*TRY IT*:
Scan the records for the word "example". Report each line where it occurs.

*RECORDS SHOWN*:
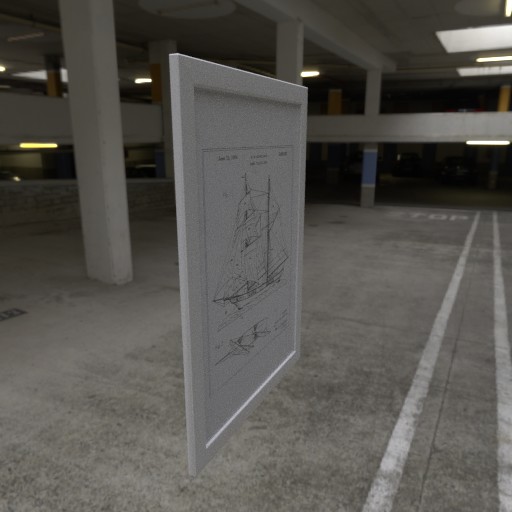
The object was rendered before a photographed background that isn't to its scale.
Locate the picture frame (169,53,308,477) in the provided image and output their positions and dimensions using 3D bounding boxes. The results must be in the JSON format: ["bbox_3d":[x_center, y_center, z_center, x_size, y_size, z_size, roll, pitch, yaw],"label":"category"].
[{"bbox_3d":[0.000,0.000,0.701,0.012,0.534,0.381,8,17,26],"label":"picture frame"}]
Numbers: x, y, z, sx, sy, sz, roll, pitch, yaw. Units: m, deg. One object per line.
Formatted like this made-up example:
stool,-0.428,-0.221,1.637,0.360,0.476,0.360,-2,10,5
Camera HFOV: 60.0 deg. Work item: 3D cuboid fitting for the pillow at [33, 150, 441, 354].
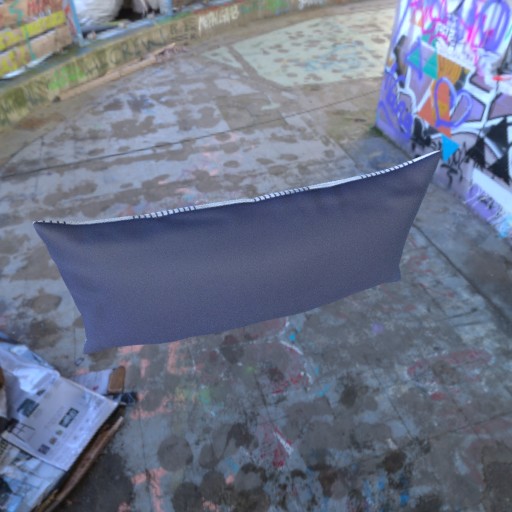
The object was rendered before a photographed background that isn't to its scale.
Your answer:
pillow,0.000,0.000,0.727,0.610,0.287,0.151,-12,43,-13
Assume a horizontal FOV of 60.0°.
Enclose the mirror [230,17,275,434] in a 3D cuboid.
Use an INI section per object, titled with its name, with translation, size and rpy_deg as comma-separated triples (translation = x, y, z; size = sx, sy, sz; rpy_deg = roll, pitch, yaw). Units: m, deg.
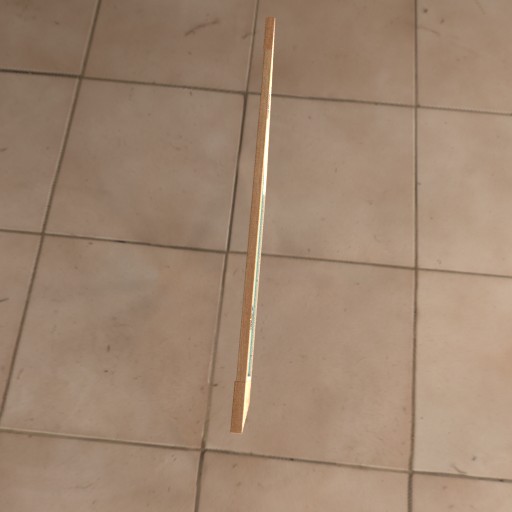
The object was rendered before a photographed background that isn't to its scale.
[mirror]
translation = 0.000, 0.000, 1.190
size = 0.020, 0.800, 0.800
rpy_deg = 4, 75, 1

---

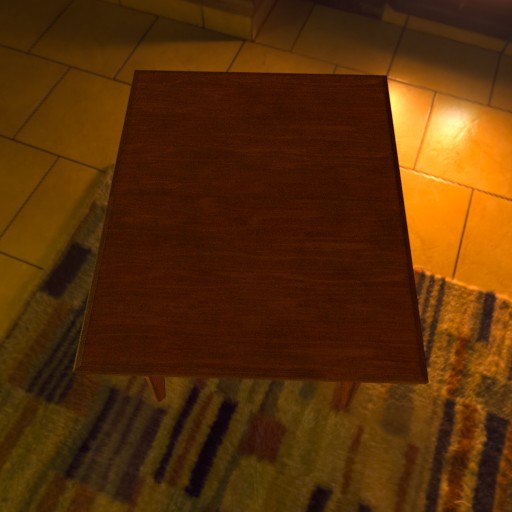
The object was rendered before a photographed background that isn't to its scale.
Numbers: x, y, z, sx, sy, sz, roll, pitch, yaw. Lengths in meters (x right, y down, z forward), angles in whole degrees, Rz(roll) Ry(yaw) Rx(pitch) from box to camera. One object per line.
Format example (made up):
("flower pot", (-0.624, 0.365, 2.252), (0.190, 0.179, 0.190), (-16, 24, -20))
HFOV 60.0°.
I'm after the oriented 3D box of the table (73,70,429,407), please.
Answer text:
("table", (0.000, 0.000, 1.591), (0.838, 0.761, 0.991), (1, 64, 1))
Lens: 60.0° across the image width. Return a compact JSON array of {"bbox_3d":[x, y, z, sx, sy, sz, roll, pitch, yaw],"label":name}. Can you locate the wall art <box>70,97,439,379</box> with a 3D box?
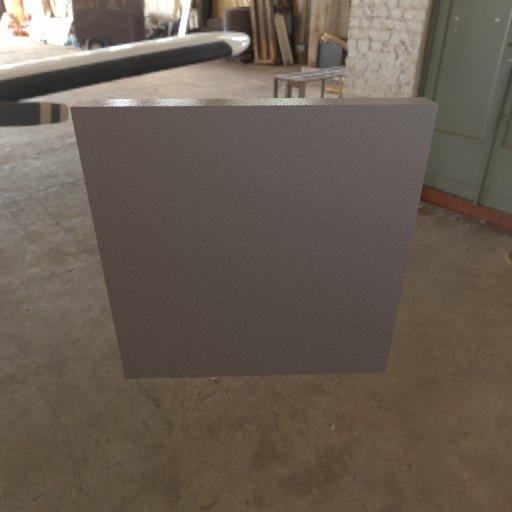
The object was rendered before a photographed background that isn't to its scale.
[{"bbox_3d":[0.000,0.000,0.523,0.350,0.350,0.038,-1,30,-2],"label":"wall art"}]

*ANSWER TO THIS EXERCISE*:
Formatted like this made-up example:
Format example (made up):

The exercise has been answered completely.